What needs to be done — Your job is to report every line of the entries that has "whole".

Collection entries
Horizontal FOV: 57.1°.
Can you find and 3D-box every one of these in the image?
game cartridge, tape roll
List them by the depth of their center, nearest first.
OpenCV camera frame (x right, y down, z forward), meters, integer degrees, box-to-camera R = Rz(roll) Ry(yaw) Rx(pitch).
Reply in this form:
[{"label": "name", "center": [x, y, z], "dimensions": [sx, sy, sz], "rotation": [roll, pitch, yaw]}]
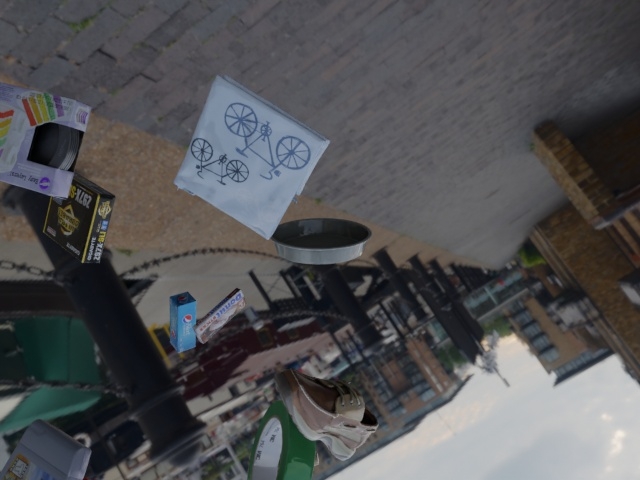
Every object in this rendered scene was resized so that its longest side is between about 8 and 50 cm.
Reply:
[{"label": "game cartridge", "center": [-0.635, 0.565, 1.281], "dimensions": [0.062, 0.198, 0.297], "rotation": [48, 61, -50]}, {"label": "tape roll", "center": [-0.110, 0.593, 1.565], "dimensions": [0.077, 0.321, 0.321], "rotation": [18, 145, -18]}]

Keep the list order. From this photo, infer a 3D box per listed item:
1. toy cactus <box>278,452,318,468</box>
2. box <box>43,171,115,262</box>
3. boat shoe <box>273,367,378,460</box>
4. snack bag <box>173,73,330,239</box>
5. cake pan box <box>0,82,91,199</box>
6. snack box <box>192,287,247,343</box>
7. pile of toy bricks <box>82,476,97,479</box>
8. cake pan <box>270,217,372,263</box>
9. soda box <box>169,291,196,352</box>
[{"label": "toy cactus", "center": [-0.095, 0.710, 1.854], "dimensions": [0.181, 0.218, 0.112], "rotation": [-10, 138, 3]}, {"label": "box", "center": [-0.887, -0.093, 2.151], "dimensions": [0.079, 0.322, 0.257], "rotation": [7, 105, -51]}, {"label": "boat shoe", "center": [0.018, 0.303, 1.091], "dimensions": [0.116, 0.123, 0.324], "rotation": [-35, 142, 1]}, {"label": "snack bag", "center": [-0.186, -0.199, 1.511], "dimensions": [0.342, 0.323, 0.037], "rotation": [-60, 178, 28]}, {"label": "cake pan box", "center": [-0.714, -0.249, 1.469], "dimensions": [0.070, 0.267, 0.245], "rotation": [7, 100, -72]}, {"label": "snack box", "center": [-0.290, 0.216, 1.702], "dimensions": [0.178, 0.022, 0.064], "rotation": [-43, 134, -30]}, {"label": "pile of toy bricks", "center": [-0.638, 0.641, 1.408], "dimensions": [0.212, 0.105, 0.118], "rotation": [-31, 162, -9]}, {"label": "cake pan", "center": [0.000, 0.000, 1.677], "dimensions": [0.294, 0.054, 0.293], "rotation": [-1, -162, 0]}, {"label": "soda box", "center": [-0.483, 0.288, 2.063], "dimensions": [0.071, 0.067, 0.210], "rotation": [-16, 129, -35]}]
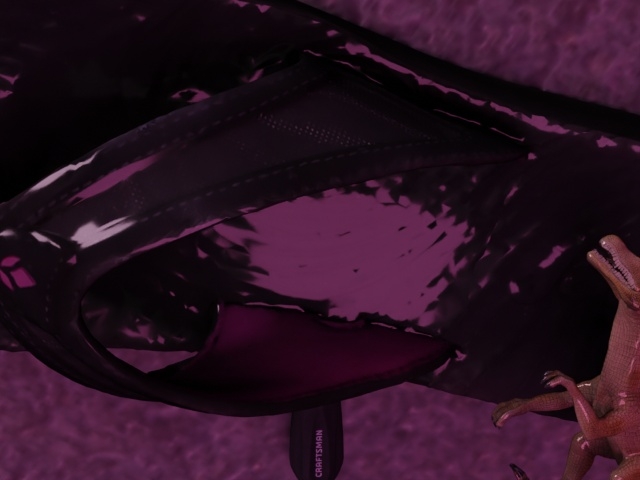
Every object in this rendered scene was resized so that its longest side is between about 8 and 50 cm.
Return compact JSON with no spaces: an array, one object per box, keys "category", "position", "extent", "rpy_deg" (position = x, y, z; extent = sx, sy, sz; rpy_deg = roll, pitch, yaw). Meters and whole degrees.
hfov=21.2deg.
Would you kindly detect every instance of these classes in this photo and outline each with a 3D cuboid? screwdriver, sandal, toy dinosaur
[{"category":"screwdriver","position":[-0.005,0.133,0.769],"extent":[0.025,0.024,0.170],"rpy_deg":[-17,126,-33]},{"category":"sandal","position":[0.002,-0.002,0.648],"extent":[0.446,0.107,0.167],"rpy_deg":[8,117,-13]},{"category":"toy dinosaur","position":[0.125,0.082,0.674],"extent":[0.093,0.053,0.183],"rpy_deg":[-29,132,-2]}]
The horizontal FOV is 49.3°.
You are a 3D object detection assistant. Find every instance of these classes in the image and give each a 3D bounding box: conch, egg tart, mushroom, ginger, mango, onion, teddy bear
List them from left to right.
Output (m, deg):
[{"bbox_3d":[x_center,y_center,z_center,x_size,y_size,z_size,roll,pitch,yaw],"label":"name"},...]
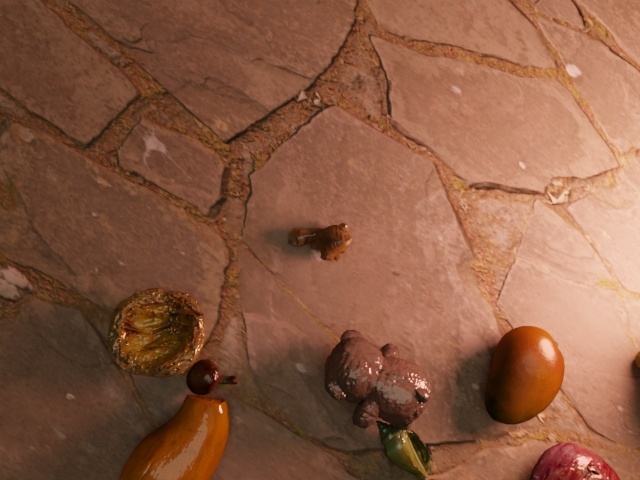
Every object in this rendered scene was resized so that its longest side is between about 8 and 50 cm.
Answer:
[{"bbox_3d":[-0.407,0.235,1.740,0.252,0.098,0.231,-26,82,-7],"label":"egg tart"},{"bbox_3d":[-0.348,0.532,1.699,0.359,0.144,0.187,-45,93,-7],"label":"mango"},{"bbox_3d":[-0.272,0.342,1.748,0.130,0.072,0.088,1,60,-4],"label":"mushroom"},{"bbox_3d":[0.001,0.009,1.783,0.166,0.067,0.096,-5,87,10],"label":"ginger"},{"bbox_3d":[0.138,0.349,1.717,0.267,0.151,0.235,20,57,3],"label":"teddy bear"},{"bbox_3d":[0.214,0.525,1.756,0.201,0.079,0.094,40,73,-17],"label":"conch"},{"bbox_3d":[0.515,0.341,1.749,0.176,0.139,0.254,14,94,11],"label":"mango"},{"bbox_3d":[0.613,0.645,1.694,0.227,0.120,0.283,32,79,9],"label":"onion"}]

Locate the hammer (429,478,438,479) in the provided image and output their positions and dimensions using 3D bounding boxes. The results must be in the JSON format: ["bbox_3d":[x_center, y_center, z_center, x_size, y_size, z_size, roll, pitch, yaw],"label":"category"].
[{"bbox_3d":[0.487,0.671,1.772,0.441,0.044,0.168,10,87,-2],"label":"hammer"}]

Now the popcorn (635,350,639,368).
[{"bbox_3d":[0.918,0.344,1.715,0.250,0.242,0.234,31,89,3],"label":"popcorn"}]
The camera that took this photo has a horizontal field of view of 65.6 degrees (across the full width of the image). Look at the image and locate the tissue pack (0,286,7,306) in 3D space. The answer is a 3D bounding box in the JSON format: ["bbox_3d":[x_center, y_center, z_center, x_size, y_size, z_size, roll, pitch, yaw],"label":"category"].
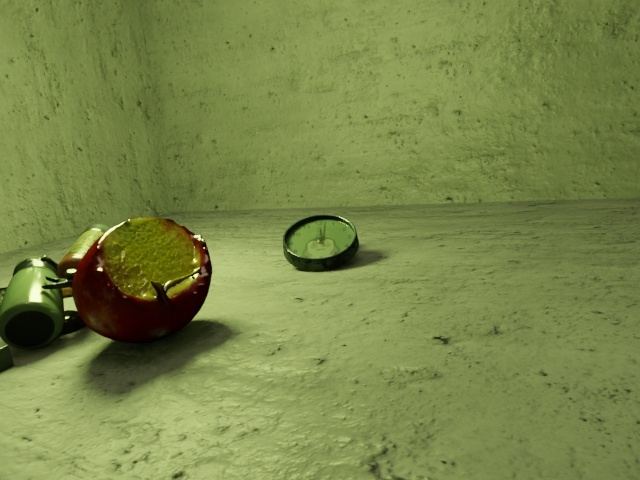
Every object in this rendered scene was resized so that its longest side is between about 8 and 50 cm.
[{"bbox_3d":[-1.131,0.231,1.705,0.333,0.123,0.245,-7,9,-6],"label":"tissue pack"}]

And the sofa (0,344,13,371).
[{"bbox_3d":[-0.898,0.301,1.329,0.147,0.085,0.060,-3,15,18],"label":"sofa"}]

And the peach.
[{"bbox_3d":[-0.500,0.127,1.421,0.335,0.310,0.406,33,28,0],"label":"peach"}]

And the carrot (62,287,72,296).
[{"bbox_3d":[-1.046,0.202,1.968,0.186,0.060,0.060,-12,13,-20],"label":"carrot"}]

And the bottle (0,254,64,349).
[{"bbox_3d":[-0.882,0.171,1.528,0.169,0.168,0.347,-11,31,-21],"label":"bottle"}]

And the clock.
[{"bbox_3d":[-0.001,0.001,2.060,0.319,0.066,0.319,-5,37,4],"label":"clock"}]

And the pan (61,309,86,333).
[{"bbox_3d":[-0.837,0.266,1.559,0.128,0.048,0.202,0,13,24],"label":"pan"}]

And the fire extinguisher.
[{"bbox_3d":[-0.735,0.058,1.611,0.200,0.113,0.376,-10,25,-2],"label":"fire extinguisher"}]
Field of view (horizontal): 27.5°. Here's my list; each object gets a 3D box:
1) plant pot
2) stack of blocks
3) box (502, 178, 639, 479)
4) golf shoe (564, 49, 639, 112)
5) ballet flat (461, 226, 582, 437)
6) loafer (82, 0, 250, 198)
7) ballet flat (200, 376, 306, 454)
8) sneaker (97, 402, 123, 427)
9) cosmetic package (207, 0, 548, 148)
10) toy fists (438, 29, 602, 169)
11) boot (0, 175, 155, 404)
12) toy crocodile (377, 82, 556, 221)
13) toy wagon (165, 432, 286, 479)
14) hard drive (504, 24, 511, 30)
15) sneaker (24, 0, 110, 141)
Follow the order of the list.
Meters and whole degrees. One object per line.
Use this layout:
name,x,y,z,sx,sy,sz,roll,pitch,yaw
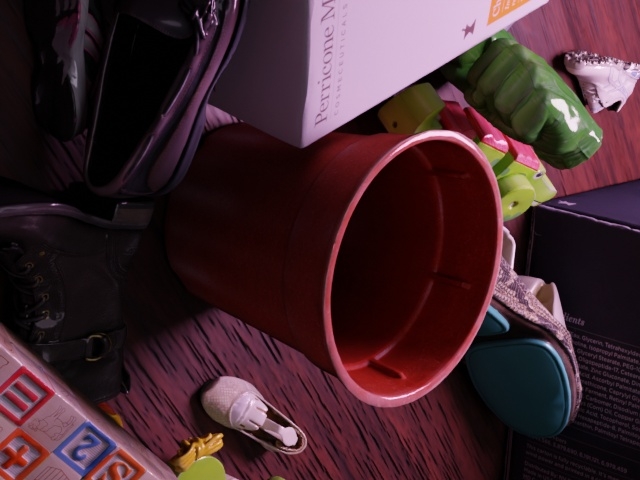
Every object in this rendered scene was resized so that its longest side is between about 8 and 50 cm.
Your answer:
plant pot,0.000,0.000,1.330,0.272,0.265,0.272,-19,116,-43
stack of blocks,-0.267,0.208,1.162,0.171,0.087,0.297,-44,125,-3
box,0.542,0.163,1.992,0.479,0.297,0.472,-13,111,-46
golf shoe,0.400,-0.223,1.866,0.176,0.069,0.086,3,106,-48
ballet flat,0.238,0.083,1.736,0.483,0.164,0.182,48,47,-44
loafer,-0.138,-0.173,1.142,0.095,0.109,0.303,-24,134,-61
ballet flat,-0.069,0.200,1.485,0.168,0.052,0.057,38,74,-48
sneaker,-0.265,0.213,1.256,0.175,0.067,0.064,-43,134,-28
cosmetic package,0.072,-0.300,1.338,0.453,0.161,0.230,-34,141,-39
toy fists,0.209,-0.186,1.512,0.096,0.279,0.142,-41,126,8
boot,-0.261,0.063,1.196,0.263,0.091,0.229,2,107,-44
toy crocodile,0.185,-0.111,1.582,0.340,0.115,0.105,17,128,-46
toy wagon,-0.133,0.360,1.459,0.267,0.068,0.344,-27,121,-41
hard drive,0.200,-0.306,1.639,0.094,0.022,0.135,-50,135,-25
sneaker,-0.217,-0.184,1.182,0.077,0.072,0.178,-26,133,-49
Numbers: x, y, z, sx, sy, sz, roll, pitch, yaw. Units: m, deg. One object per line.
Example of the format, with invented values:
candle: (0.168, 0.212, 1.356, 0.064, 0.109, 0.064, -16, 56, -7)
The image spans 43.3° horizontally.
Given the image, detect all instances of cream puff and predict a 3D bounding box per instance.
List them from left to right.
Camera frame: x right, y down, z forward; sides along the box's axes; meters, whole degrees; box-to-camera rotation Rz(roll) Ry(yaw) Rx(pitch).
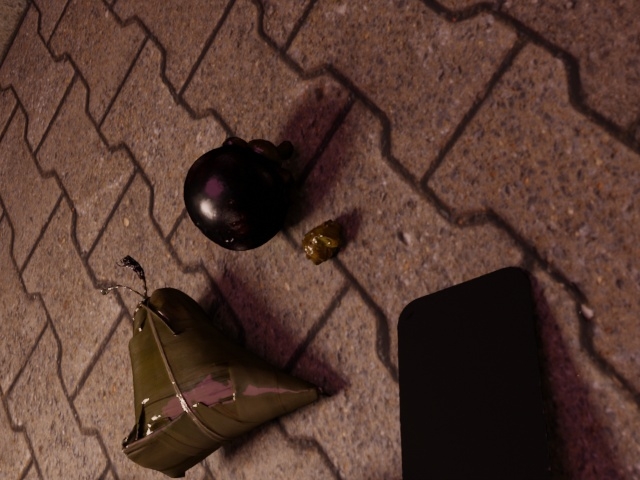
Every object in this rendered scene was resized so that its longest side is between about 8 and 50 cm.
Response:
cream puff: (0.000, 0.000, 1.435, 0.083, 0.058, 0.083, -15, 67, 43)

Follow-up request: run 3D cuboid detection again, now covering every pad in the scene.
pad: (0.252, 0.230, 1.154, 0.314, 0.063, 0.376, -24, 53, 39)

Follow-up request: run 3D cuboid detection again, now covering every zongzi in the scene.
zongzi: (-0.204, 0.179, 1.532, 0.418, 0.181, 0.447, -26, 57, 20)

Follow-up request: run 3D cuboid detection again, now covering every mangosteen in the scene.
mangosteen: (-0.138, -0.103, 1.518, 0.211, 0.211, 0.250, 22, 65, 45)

Answer section —
Return compact JSON with no spaces: an array, one object per box, keys "category", "position", "extent", "rpy_deg" (position = x, y, z; extent = sx, sy, sz; rpy_deg = roll, pitch, yaw). Meters and whole degrees.
Meters and whole degrees. One object per line.
Camera frame: x right, y down, z forward; sides along the box's axes; meters, whole degrees; box-to-camera rotation Rz(roll) Ry(yaw) Rx(pitch).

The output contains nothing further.